__Exercise directions__. Copy out every line holding the string "with" from the records below.

────

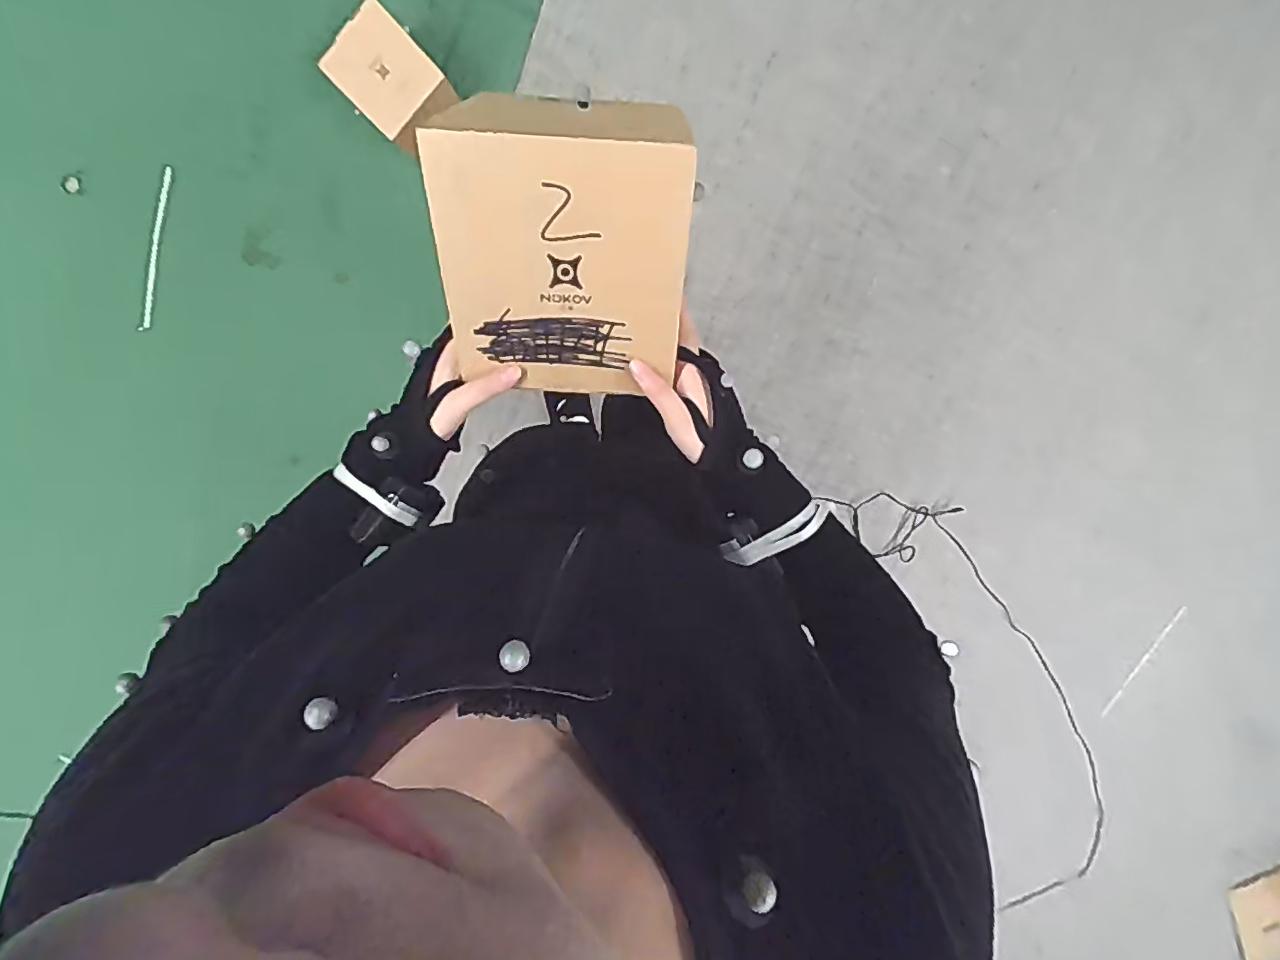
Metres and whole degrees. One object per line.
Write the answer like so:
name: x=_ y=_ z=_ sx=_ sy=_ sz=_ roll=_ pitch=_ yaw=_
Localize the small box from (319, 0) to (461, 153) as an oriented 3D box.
small box: x=-0.500 y=-0.815 z=1.109 sx=0.168 sy=0.176 sz=0.179 roll=-43 pitch=107 yaw=10
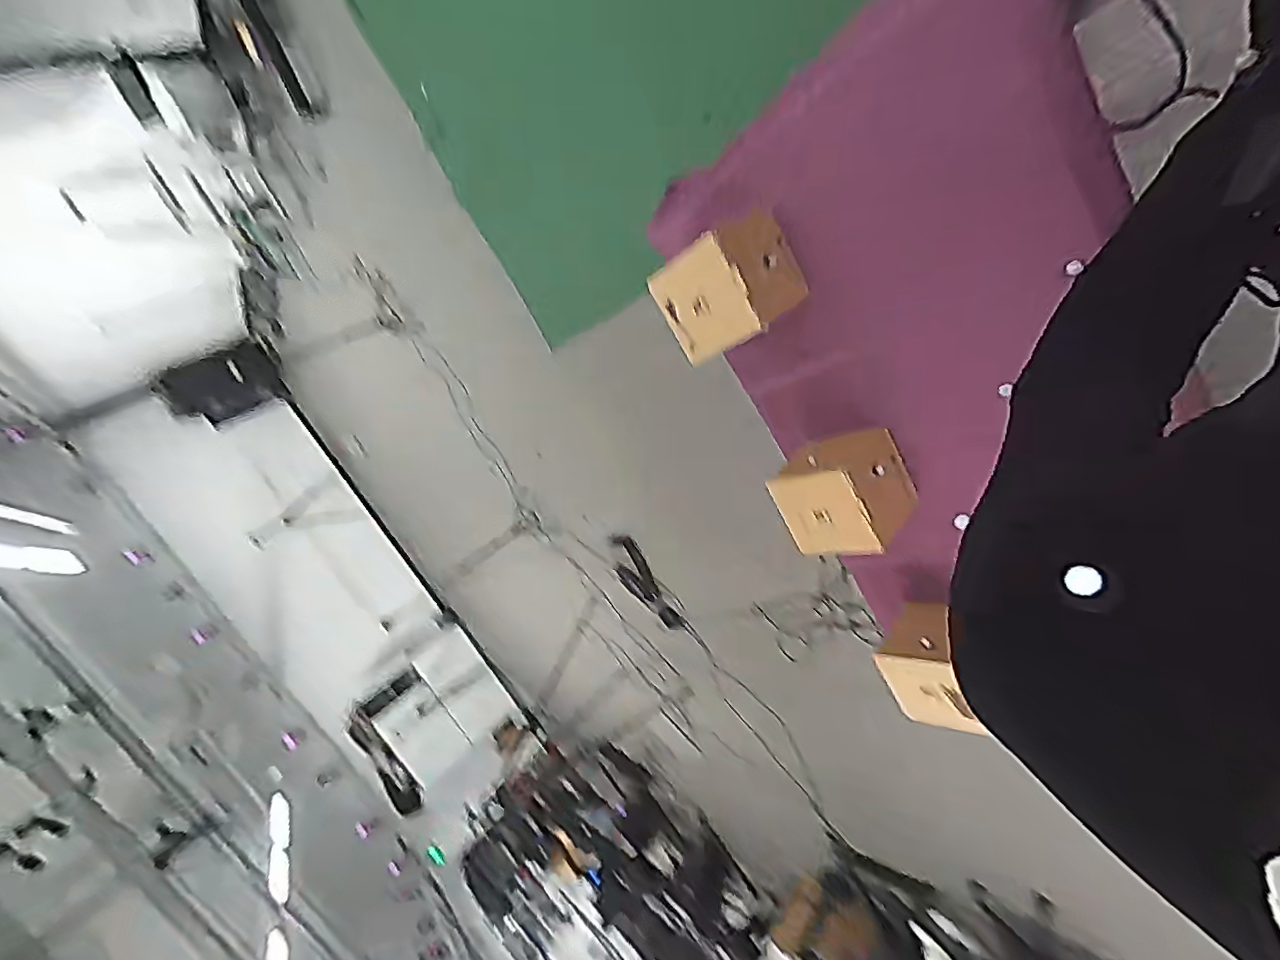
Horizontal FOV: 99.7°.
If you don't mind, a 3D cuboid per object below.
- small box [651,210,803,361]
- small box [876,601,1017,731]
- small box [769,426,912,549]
[{"bbox_3d":[0.160,-0.340,0.946,0.179,0.176,0.168,-16,109,53],"label":"small box"},{"bbox_3d":[0.612,0.356,1.069,0.179,0.176,0.168,-16,108,56],"label":"small box"},{"bbox_3d":[0.386,0.014,1.020,0.179,0.176,0.168,-12,111,55],"label":"small box"}]
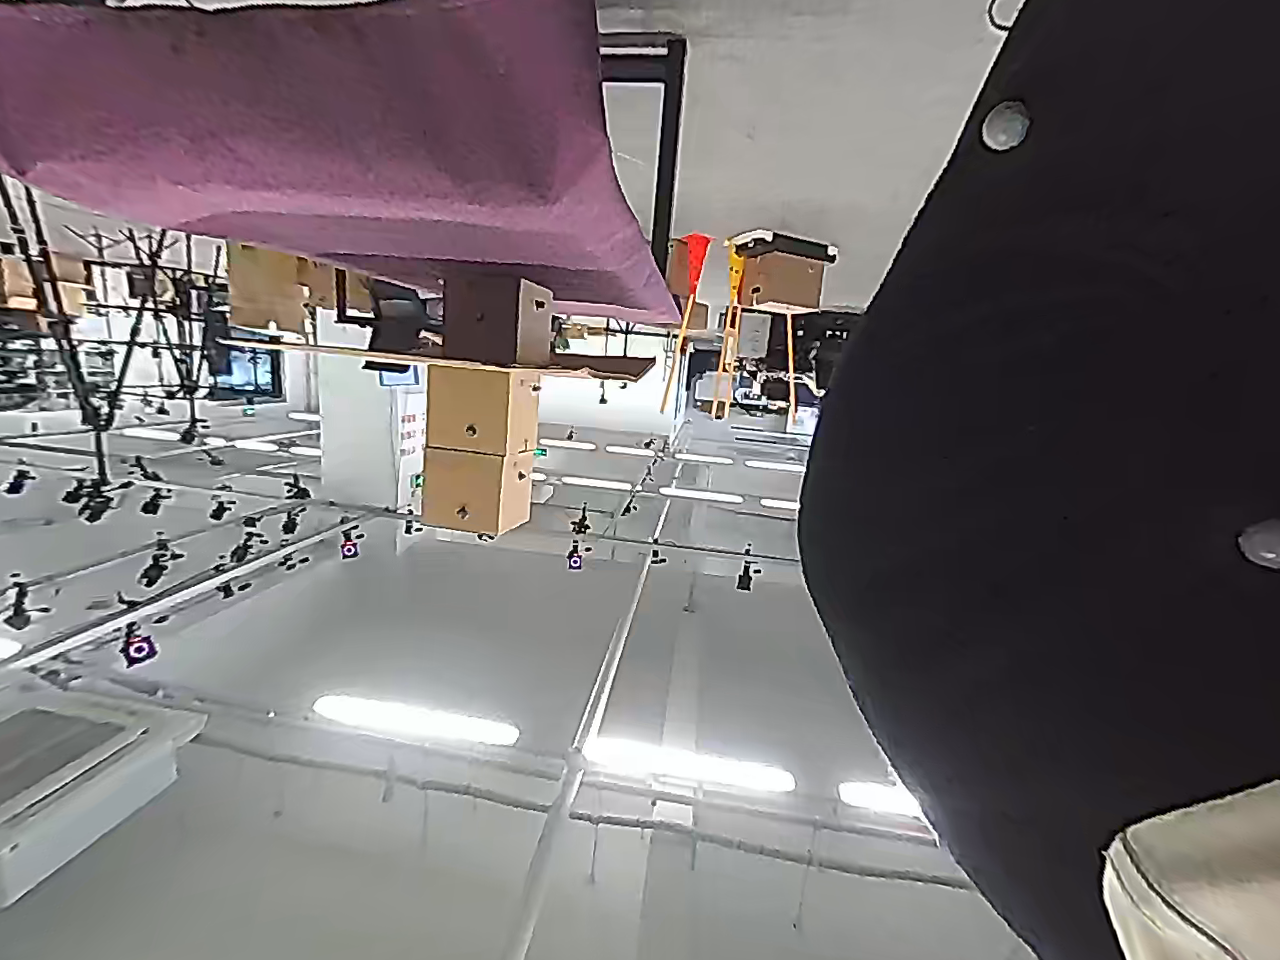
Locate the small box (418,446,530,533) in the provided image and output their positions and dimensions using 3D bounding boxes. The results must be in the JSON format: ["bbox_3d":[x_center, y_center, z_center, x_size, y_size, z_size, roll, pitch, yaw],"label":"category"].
[{"bbox_3d":[-0.348,0.004,1.155,0.179,0.176,0.168,6,-171,10],"label":"small box"}]

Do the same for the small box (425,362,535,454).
[{"bbox_3d":[-0.326,-0.154,1.125,0.179,0.176,0.168,7,-170,9],"label":"small box"}]
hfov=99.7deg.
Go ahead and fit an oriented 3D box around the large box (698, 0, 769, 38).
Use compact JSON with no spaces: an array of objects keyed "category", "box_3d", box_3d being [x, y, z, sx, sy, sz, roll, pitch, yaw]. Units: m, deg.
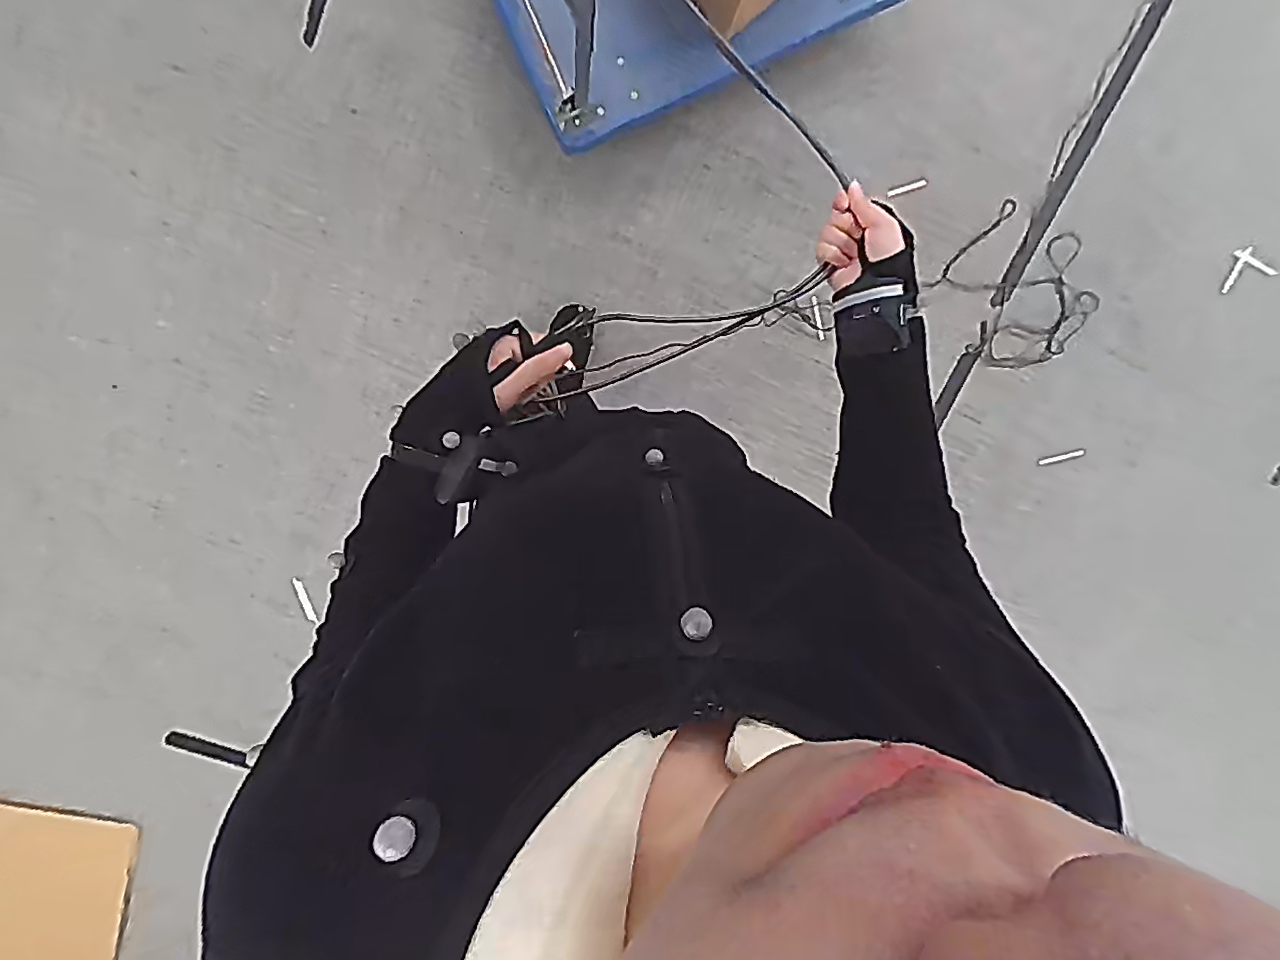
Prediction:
[{"category":"large box","box_3d":[0.182,-1.146,0.955,0.320,0.320,0.408,-39,103,4]}]
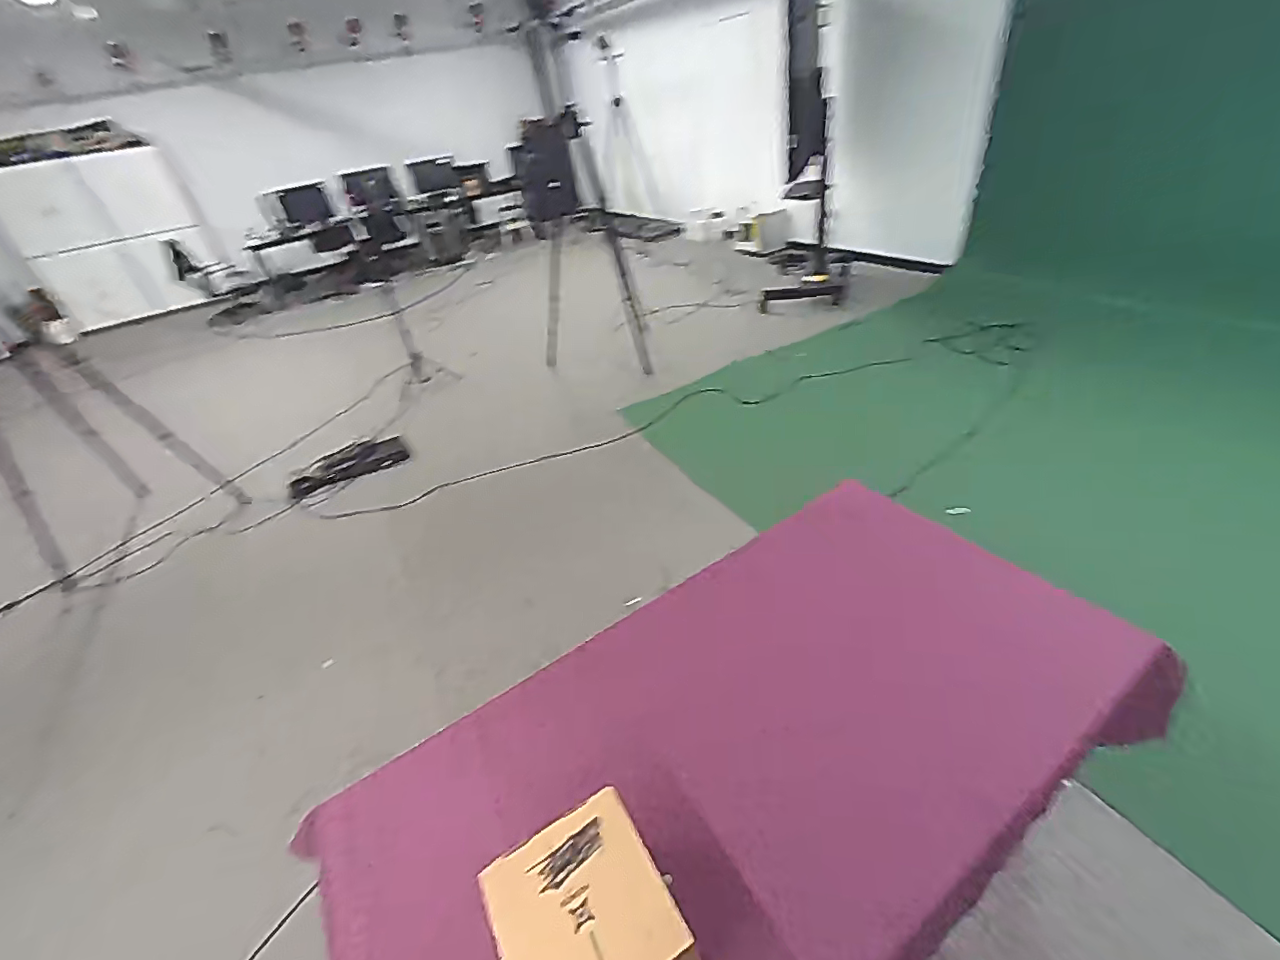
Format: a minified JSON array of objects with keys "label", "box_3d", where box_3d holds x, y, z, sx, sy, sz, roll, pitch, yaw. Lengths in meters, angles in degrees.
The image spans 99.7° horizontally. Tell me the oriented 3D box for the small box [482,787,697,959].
[{"label":"small box","box_3d":[-0.050,0.495,0.594,0.168,0.176,0.179,-26,39,-20]}]

────

__Response for this exercise__.
Use compact JSON with no spaces: an array of objects keyed "category", "box_3d", box_3d being [x, y, z, sx, sy, sz, roll, pitch, yaw]. Units: m, deg.
Format: a minified JSON array of objects with keys "label", "box_3d", where box_3d holds x, y, z, sx, sy, sz, roll, pitch, yaw. Lengths in meters, angles in degrees.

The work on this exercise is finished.